We're going to use Redis as our database for both document contents and the vector embeddings. You will need the full Redis Stack to enable use of Redisearch, which is the module that allows semantic search.

To set this up locally, you will need to install Docker and then run the following command: ```docker run -d --name redis-stack -p 6379:6379 -p 8001:8001 redis/redis-stack:latest```.

After setting up the Docker instance of Redis Stack, you can follow the below instructions to initiate a Redis connection and create a Hierarchical Navigable Small World (HNSW) index for semantic search.

In [74]:
# Setup Redis
from redis import Redis
from redis.commands.search.query import Query
from redis.commands.search.field import (
    TextField,
    VectorField,
    NumericField
)
from redis.commands.search.indexDefinition import (
    IndexDefinition,
    IndexType
)

redis_client = get_redis_connection()

In [75]:
# Constants
VECTOR_DIM = 1536 #len(data['title_vector'][0]) # length of the vectors
#VECTOR_NUMBER = len(data)                 # initial number of vectors
PREFIX = "tiradoc"                            # prefix for the document keys
DISTANCE_METRIC = "COSINE"                # distance metric for the vectors (ex. COSINE, IP, L2)

In [76]:
# Create search index

# Index
INDEX_NAME = "cases-index"           # name of the search index
VECTOR_FIELD_NAME = 'content_vector'

# Define RediSearch fields for each of the columns in the dataset
# This is where you should add any additional metadata you want to capture
filename = TextField("filename")
text_chunk = TextField("text_chunk")
file_chunk_index = NumericField("file_chunk_index")

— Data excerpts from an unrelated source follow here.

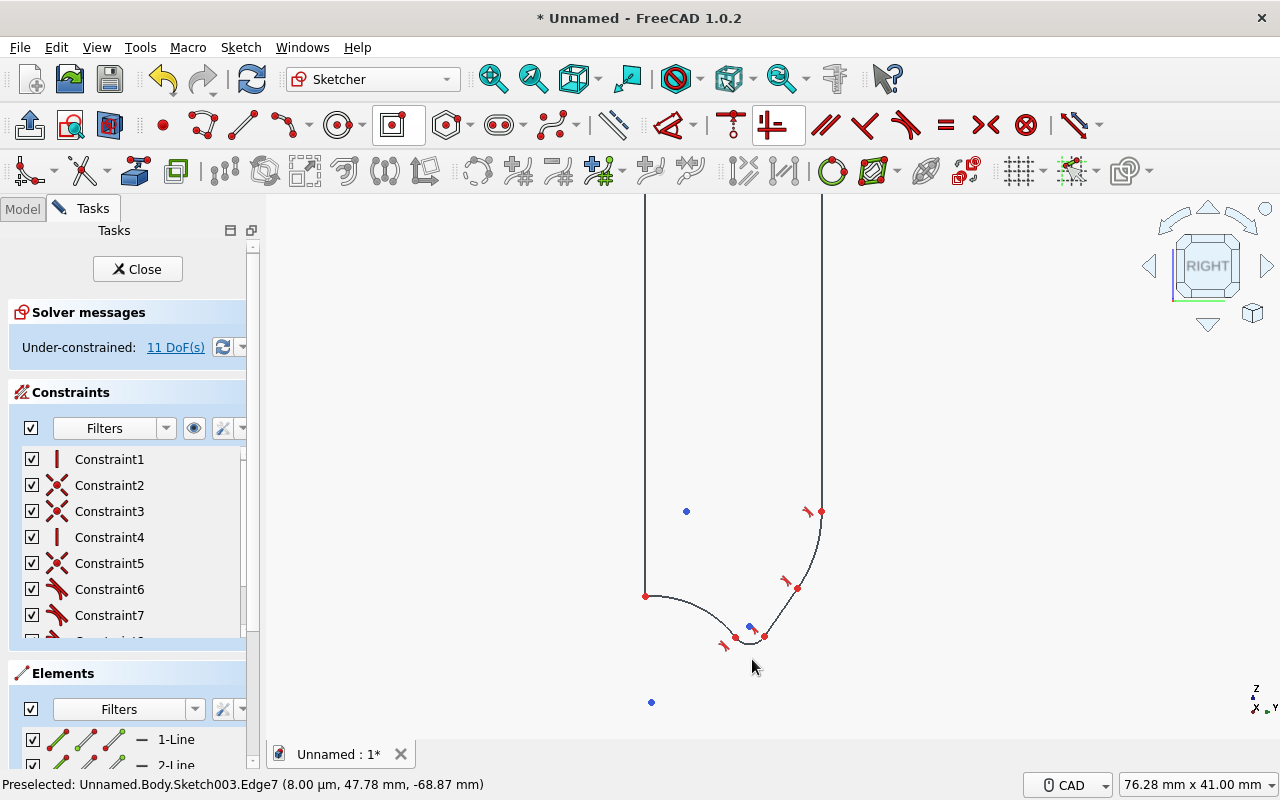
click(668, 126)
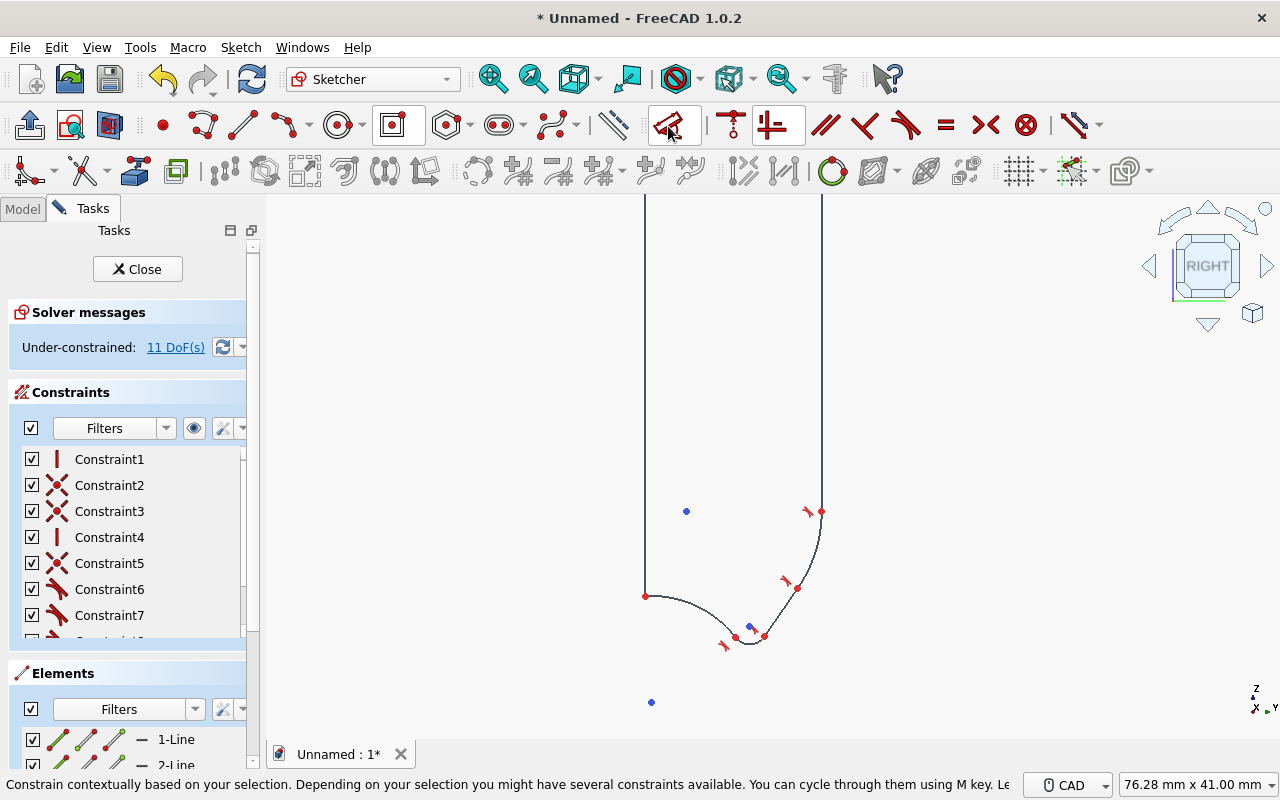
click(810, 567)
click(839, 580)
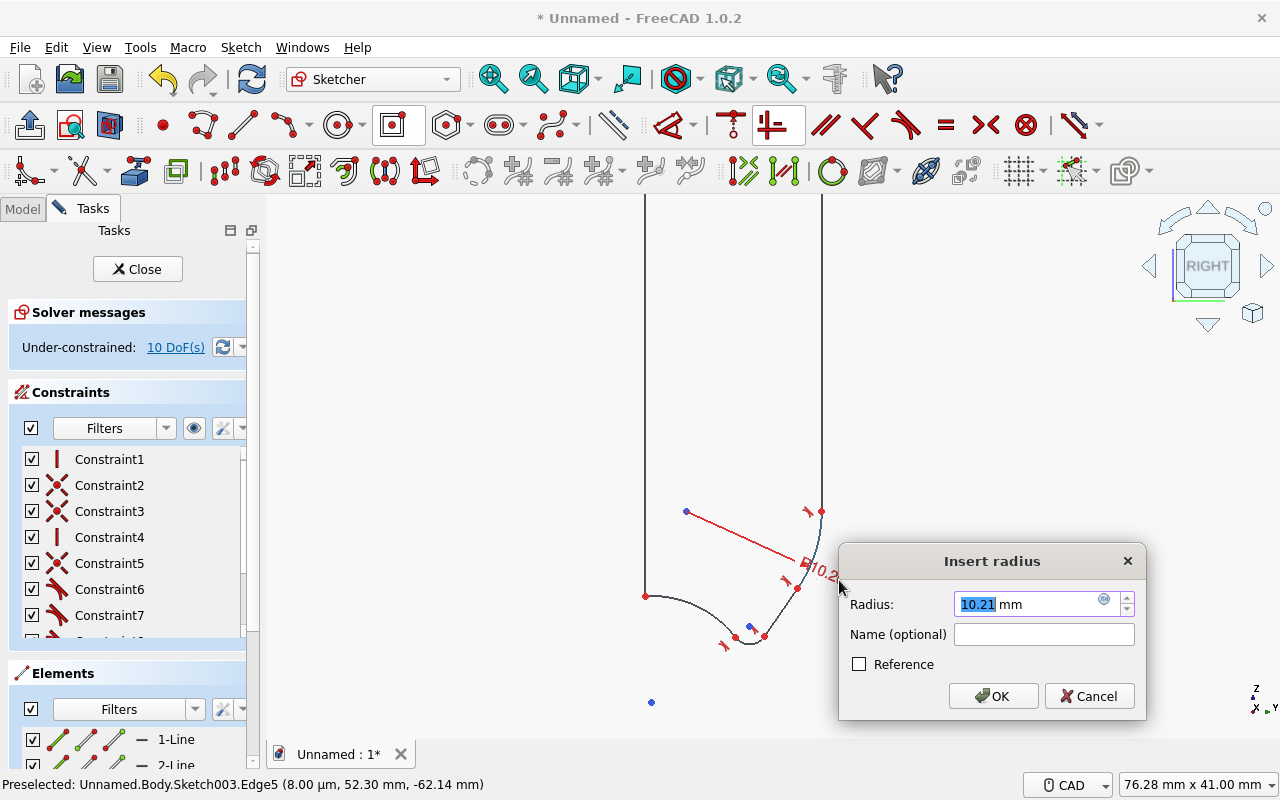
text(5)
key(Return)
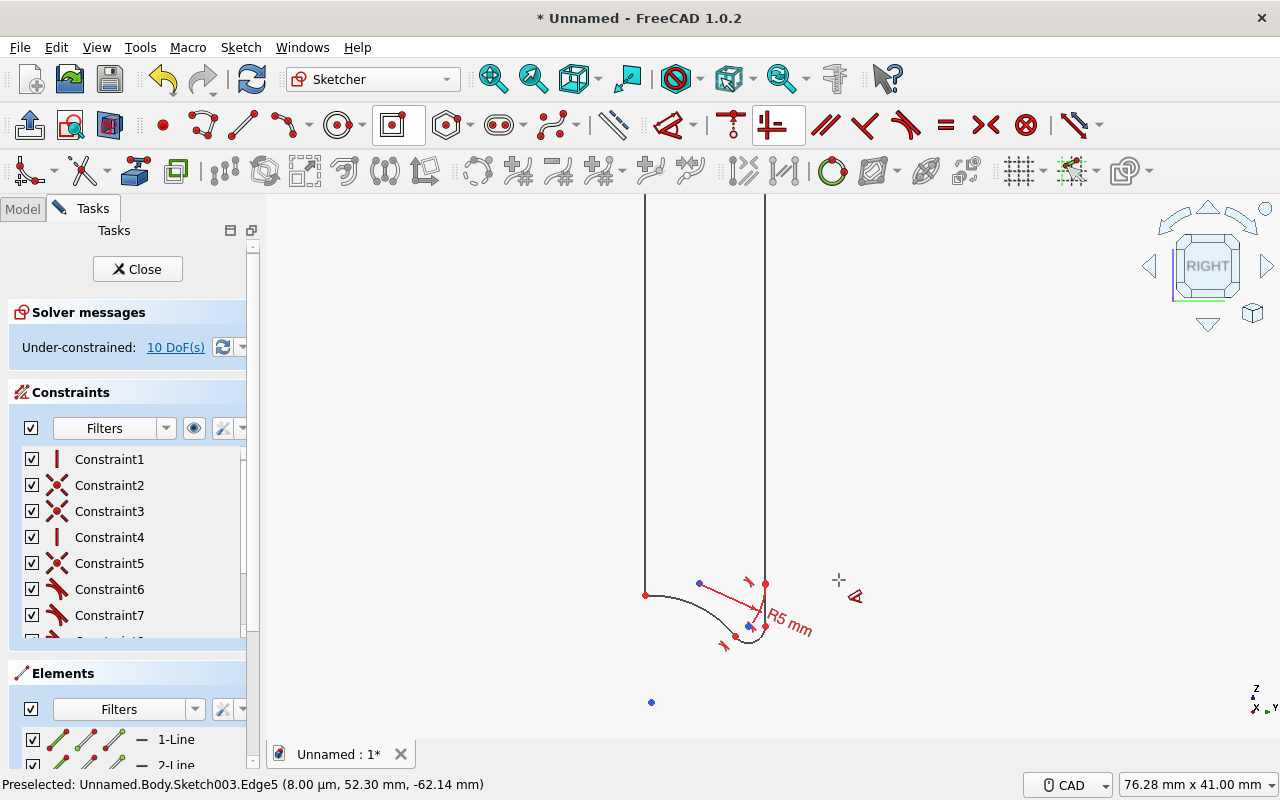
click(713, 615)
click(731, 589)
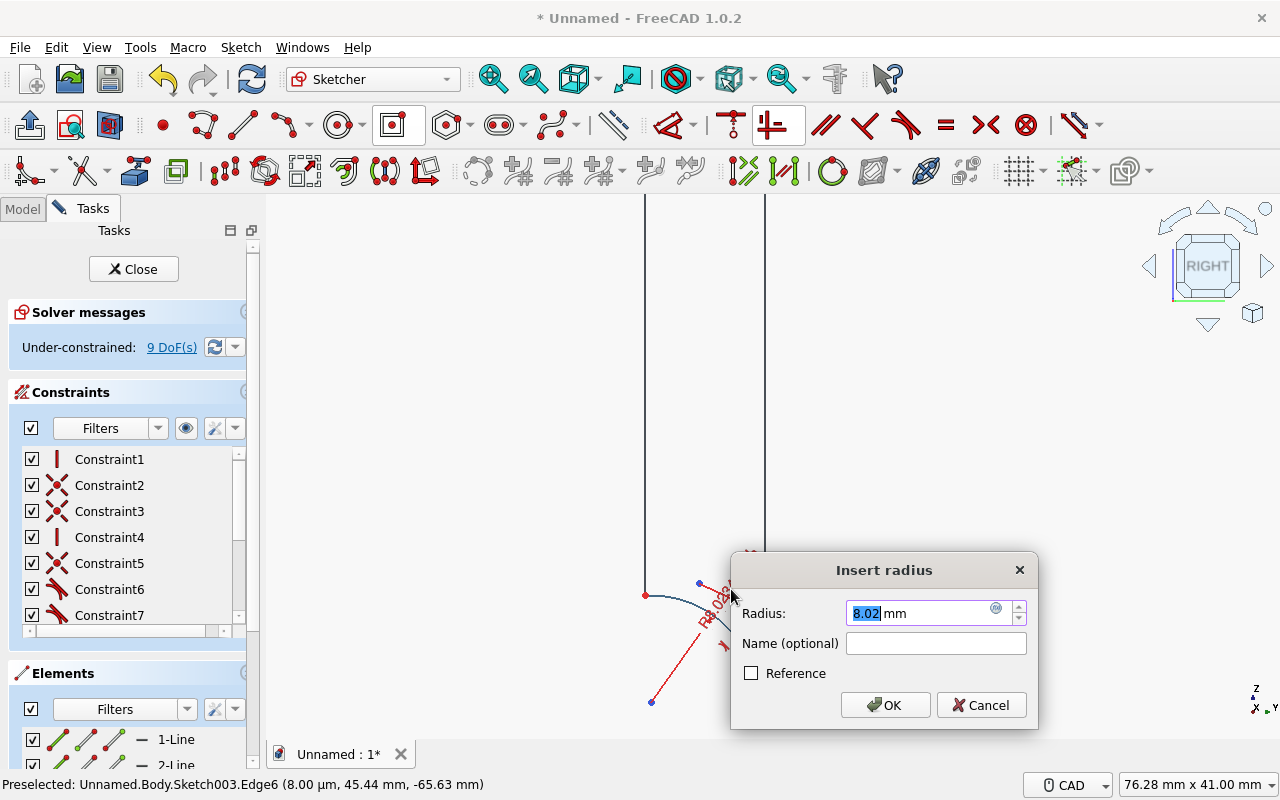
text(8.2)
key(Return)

# define RediSearch vector fields to use HNSW index

text_embedding = VectorField(VECTOR_FIELD_NAME,
    "HNSW", {
        "TYPE": "FLOAT32",
        "DIM": VECTOR_DIM,
        "DISTANCE_METRIC": DISTANCE_METRIC
    }
)
# Add all our field objects to a list to be created as an index
fields = [filename,text_chunk,file_chunk_index,text_embedding]

In [77]:
redis_client.ping()

True

In [79]:
# Optional step to drop the index if it already exists
#redis_client.ft(INDEX_NAME).dropindex()

# Check if index exists
try:
    redis_client.ft(INDEX_NAME).info()
    print("Index already exists")
except Exception as e:
    print(e)
    # Create RediSearch Index
    print('Not there yet. Creating')
    redis_client.ft(INDEX_NAME).create_index(
        fields = fields,
        definition = IndexDefinition(prefix=[PREFIX], index_type=IndexType.HASH)
    )

Index already exists


### Data Ingestion

We'll load up our PDFs and do the following
- Initiate our tokenizer
- Run a processing pipeline to:
    - Mine the text from each PDF
    - Split them into chunks and embed them
    - Store them in Redis

In [80]:
# The embeddingInteface.py file contains all of the transforming functions, including ones to chunk, embed and load data
# For more details the file and work through each function individually
from embeddingInteface import handle_file_string

In [81]:
%%time
# This step takes about 5 minutes
# Initialise tokenizer

openai.api_key = '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'

tokenizer = tiktoken.get_encoding("cl100k_base")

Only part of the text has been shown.